## [What is needed]
Reproduce the entries shown below only from the line with "q5.separate_pieces = 3" down to the line with "q8.outline = (-32.93, 14.36)", keeping both end lines and copying each one exactly.

BEGIN Exercise input

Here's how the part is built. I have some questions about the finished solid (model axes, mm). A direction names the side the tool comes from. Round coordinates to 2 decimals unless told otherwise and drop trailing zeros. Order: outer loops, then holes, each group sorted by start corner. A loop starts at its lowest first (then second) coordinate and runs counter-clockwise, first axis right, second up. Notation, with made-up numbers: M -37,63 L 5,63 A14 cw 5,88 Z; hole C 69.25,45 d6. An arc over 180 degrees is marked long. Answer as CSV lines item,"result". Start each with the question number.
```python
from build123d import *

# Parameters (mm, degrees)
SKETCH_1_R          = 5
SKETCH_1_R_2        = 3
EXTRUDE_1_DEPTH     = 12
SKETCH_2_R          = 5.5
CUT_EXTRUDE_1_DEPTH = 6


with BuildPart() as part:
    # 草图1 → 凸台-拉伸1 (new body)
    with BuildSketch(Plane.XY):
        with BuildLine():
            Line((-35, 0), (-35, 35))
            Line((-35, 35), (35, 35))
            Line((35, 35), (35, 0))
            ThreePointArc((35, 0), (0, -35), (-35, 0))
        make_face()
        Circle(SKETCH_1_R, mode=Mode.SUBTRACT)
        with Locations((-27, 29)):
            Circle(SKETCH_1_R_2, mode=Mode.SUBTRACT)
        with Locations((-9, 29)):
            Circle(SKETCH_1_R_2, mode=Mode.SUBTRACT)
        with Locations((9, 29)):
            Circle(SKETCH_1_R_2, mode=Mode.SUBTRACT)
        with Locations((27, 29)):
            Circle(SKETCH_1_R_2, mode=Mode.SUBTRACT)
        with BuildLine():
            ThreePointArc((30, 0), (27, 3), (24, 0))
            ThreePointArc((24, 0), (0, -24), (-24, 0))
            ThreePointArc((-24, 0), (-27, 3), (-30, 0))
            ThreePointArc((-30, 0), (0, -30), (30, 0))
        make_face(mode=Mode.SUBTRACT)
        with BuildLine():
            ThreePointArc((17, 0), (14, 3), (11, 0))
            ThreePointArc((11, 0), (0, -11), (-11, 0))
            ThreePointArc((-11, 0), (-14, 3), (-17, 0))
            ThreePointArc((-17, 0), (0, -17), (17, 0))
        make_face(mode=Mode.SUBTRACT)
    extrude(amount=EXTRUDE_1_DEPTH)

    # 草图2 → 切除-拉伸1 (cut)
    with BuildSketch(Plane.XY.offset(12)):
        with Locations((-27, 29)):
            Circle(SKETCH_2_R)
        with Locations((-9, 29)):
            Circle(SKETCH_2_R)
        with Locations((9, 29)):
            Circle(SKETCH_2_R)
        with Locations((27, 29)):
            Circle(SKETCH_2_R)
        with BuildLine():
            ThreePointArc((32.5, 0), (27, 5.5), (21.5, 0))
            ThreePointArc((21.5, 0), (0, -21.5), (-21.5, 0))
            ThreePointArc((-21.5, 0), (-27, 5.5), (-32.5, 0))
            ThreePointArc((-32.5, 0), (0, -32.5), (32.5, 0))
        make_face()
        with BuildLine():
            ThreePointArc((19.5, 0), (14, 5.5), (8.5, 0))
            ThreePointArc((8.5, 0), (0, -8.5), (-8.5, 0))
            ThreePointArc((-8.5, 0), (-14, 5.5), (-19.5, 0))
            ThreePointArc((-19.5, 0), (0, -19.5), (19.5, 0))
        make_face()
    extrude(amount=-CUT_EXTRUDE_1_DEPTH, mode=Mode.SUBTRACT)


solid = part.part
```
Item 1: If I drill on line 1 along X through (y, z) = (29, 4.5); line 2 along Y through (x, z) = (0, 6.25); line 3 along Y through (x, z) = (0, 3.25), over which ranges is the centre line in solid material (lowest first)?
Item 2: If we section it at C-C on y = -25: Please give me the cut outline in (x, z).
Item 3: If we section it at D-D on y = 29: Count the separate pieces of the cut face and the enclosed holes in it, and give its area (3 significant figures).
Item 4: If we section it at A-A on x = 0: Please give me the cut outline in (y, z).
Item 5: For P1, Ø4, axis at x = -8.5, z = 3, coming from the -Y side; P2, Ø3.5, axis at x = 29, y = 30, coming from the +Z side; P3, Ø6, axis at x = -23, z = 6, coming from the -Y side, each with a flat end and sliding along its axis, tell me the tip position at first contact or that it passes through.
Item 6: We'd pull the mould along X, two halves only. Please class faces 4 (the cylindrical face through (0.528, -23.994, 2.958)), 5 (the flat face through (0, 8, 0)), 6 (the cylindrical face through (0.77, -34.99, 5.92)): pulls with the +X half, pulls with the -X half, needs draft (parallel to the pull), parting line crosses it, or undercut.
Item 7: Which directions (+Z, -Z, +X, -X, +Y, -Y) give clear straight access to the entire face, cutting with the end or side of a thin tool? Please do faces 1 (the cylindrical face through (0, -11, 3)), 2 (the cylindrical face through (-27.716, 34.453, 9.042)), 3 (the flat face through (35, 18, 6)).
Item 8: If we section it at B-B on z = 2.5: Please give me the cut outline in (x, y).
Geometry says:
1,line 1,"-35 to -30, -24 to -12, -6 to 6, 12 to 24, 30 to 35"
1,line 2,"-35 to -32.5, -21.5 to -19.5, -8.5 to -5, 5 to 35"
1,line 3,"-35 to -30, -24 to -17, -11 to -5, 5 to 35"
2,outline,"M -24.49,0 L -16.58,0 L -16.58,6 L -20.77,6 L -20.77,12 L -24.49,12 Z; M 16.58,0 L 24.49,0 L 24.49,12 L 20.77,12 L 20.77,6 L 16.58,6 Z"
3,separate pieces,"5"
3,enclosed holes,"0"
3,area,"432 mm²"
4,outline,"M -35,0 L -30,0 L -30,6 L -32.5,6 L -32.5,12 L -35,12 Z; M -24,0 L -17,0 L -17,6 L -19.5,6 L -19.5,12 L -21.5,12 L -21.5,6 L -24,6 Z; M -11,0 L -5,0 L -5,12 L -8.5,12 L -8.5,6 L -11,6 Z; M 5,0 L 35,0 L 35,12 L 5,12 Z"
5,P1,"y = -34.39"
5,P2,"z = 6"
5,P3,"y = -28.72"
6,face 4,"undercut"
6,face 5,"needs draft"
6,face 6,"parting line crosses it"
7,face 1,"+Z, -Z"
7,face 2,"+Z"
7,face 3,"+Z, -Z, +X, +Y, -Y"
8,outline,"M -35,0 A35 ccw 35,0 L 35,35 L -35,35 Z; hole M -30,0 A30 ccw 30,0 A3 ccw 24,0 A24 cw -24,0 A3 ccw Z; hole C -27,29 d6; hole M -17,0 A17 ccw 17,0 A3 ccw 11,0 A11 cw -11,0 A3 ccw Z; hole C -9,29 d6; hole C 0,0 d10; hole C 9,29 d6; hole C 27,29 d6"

END Exercise input
BEGIN Exercise input

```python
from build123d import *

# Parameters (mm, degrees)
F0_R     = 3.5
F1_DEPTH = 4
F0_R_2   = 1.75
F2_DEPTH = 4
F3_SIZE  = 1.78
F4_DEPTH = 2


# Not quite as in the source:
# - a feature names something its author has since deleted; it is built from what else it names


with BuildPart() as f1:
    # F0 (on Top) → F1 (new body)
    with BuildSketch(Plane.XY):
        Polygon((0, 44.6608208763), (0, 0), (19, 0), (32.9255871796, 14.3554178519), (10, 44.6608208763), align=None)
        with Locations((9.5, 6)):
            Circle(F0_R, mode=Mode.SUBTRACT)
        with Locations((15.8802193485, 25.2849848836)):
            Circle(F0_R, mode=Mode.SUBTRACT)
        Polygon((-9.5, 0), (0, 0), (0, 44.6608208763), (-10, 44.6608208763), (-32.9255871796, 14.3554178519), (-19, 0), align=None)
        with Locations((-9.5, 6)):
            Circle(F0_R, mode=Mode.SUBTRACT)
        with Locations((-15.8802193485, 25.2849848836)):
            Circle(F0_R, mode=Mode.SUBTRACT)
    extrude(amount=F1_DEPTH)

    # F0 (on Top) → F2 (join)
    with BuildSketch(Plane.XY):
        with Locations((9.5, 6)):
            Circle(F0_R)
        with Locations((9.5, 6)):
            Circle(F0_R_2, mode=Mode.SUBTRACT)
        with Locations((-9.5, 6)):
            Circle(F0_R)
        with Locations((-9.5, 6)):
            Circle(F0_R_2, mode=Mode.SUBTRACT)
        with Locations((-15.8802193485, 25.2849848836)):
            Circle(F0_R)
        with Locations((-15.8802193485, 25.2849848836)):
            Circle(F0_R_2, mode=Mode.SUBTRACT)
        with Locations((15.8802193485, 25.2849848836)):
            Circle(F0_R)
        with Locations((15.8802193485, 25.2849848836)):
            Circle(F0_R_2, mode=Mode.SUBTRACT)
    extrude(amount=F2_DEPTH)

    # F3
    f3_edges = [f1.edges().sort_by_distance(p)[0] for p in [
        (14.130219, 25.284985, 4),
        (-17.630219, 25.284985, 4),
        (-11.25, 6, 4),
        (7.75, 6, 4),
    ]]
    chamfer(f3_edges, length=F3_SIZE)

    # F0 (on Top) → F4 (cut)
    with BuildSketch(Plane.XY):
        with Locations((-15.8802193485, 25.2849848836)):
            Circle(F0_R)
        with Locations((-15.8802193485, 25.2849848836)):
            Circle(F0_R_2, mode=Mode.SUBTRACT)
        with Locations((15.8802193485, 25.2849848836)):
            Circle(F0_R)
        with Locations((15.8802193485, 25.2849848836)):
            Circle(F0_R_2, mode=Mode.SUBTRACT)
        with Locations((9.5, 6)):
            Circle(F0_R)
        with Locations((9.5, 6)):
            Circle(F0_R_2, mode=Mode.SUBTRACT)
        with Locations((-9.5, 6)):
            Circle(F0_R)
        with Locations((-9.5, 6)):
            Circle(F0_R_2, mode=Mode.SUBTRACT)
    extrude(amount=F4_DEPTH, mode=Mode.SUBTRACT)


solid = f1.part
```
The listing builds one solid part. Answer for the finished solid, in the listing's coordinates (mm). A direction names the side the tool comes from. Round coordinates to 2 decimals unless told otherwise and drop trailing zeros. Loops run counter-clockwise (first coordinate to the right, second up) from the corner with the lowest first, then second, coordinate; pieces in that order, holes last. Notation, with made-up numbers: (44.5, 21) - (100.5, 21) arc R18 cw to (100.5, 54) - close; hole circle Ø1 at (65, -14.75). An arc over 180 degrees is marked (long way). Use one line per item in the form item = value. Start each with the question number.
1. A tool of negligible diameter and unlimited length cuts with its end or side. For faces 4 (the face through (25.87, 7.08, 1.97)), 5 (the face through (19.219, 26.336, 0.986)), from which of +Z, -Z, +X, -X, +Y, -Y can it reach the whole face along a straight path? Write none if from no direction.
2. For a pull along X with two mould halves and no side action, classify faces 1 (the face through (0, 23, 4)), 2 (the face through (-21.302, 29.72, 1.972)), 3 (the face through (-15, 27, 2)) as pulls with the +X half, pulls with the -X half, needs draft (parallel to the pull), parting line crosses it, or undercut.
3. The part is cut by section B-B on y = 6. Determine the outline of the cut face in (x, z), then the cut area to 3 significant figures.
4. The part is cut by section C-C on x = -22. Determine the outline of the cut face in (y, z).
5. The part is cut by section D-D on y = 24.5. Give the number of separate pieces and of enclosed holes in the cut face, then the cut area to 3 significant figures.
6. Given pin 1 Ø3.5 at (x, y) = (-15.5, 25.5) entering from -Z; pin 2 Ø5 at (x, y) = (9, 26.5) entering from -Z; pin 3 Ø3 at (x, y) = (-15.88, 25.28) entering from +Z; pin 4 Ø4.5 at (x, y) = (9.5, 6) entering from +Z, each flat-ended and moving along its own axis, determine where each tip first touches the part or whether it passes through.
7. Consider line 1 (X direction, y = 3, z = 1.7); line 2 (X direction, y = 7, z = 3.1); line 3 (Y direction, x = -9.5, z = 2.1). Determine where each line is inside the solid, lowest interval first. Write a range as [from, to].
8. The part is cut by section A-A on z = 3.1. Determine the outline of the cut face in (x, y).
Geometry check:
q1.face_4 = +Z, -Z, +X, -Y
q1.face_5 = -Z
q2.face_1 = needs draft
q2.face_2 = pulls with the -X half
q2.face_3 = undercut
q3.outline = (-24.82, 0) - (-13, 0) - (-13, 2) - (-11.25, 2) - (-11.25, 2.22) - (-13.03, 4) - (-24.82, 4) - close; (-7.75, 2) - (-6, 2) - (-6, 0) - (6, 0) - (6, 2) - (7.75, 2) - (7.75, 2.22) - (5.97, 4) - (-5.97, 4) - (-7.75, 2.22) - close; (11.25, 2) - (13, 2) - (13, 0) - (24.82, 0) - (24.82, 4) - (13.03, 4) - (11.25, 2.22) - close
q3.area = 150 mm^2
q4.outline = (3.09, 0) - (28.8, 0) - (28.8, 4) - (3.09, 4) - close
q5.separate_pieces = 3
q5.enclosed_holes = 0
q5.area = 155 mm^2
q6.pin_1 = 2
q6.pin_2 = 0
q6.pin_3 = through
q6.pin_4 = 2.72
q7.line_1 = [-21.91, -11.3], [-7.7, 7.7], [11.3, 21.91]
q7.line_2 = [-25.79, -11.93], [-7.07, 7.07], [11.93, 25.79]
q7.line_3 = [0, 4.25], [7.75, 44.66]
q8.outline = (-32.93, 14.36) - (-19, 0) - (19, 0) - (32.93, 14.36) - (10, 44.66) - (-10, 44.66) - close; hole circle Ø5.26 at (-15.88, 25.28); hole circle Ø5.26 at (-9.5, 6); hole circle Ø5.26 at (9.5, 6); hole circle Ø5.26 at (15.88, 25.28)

END Exercise input

## [Output of the exercise]
q5.separate_pieces = 3
q5.enclosed_holes = 0
q5.area = 155 mm^2
q6.pin_1 = 2
q6.pin_2 = 0
q6.pin_3 = through
q6.pin_4 = 2.72
q7.line_1 = [-21.91, -11.3], [-7.7, 7.7], [11.3, 21.91]
q7.line_2 = [-25.79, -11.93], [-7.07, 7.07], [11.93, 25.79]
q7.line_3 = [0, 4.25], [7.75, 44.66]
q8.outline = (-32.93, 14.36) - (-19, 0) - (19, 0) - (32.93, 14.36) - (10, 44.66) - (-10, 44.66) - close; hole circle Ø5.26 at (-15.88, 25.28); hole circle Ø5.26 at (-9.5, 6); hole circle Ø5.26 at (9.5, 6); hole circle Ø5.26 at (15.88, 25.28)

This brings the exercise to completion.